Coppen remembers the A1 then as a single carriageway. "We saw one lorry every 10 minutes but had a steady stream of customers for the parts we were salvaging and selling," he says.

"Business was good. Five years ago, after my brothers became ill, I closed the garage and forecourt to concentrate on buying a stripping Volvos for spares we could sell." We're interrupted by a phone call, one of many that Coppen takes during my visit.

"A rear wiper motor for a 2005 Volvo V70:" he confirms with the caller. "Which side does the arm park on? Left or right? Between 2000 and 2004 they parked on the left, but after that on the right, although some cars registered in 2005 were old stock that were parked on the left. I have a motor in stock.*

Call over, Coppen tells me he's blessed with an excellent memory for Volvo parts gained during the past 40 years: "I don't even need to catalogue the parts I stock; I know exactly what l have and Where it is, and I've spent thousands of hours learning Volvo faults and their cures."

Seconds later, he demonstrates his knowledge when another caller says he has tried everything but cannot start his 240. "You're getting fuel and you're getting a spark," Coppen repeats. "Perhaps the spark isn't big enough. Check the amplifier behind the headlight that boosts it."

Coppen reckons the average age of his Volvos is 12 years, but I've seen many around the place that are much older. He removes their lights, door mirrors, radios and parcel shelves for storage and resale.
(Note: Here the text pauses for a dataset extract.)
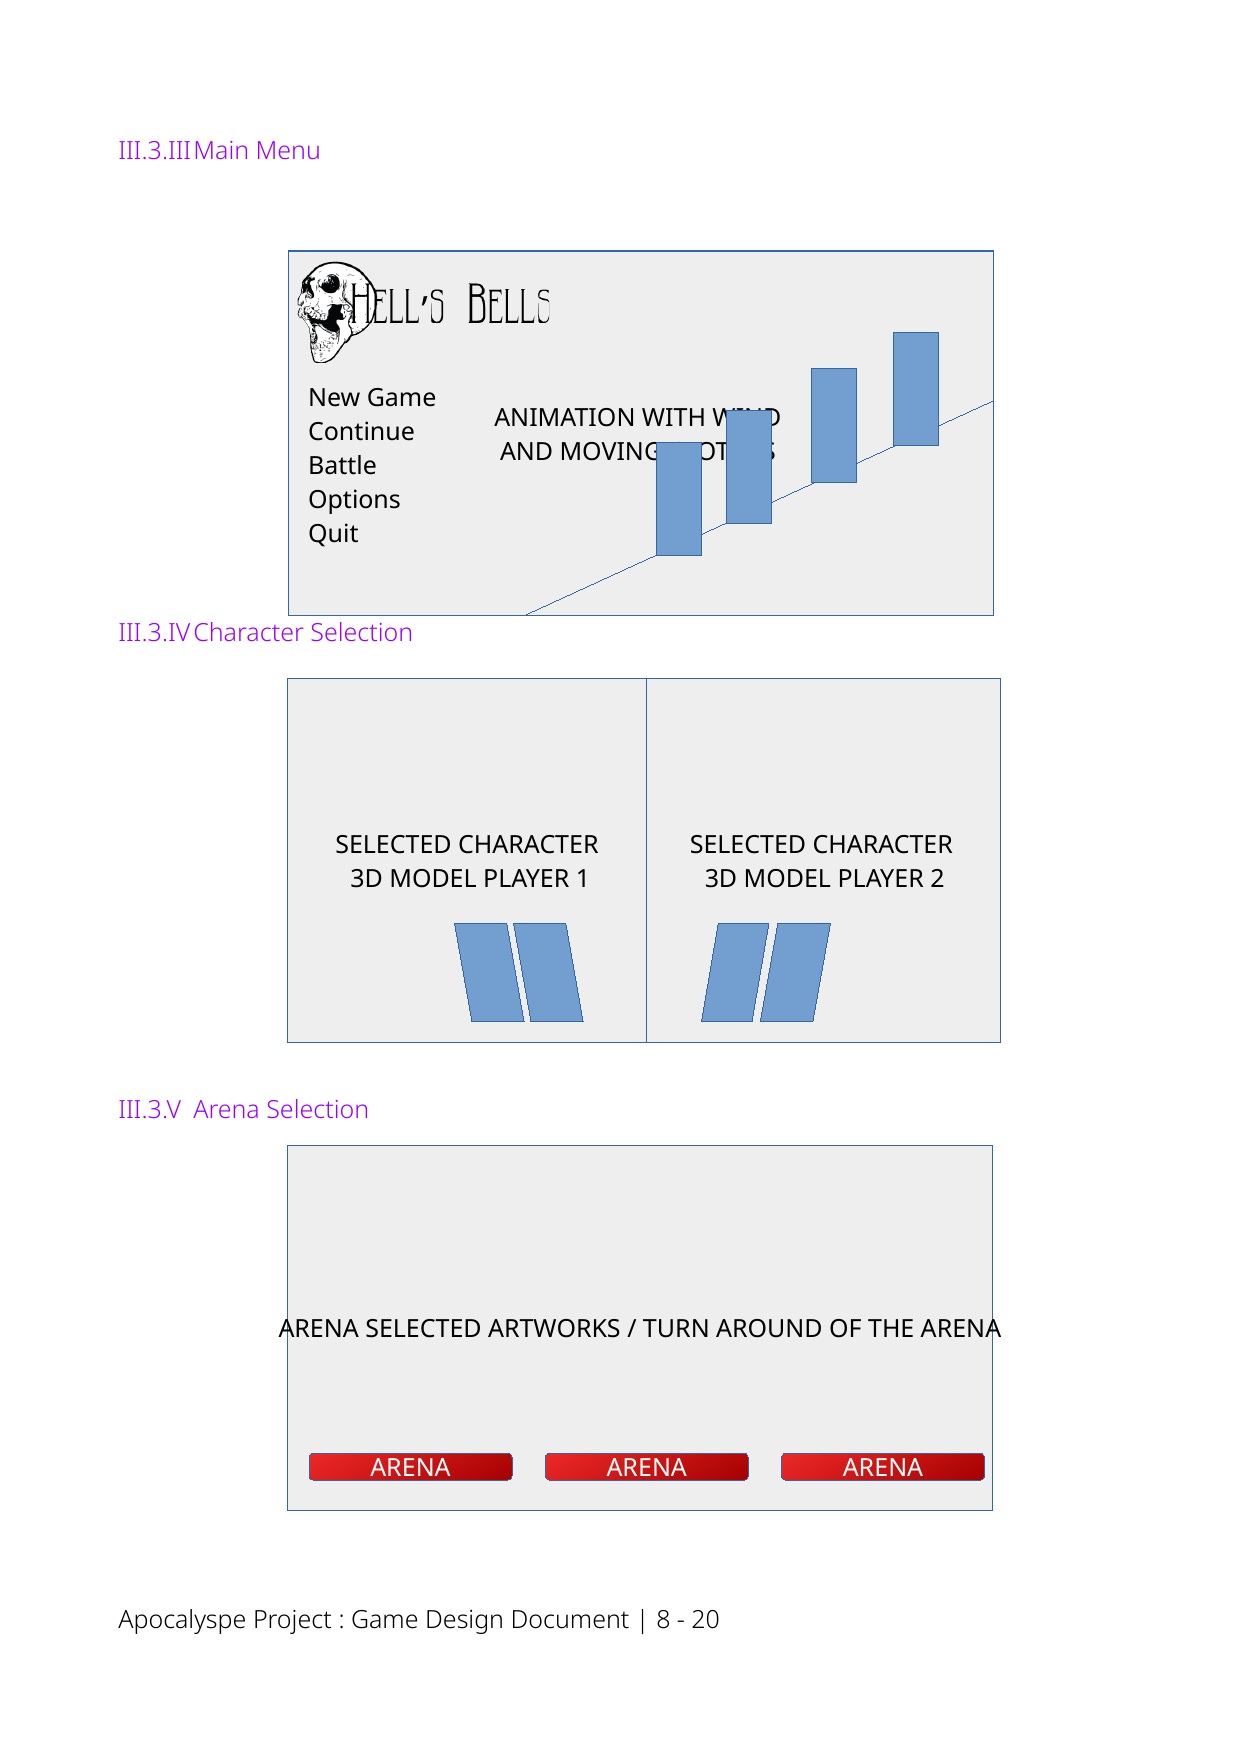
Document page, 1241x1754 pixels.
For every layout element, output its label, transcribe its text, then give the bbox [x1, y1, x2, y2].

"They're my biggest sellers," he says. "If I left them on the cars, they'd be stolen." He stocks rows upon rows of lights, none of them labelled, since he says he knows which model each of them fits.

We head outside to inspect the wrecks. I'm keen to locate the oldest, a 1973 144 that he's had for 30 years and claims to still be selling bits from.

However, picking our way through the twisted metal is heavy going (Coppen isn't in the best of health) and so it eludes us. No worries: it's enough simply to stumble among the remains of his magnificent 960s and 940s and the occasional 850 estate. Is that a 480 ES over there? Over there, an S80, and next to it a C70.

Coppen has huge respect for the cars. "The old Volvos could do 300,000 miles with ease. I once took in a V70 with 525,000 miles on the clock. The only reason many of them ended up here is when the cambelt went and it took the engine with it."

Loppen won't mind me saying he isn't exactly in the first flush of youth. Why not just sell up and retire? "My customers need me," he replies.

"Few people know old Volvos as well as I do." I'm willing to bet a stack of old headlights on that.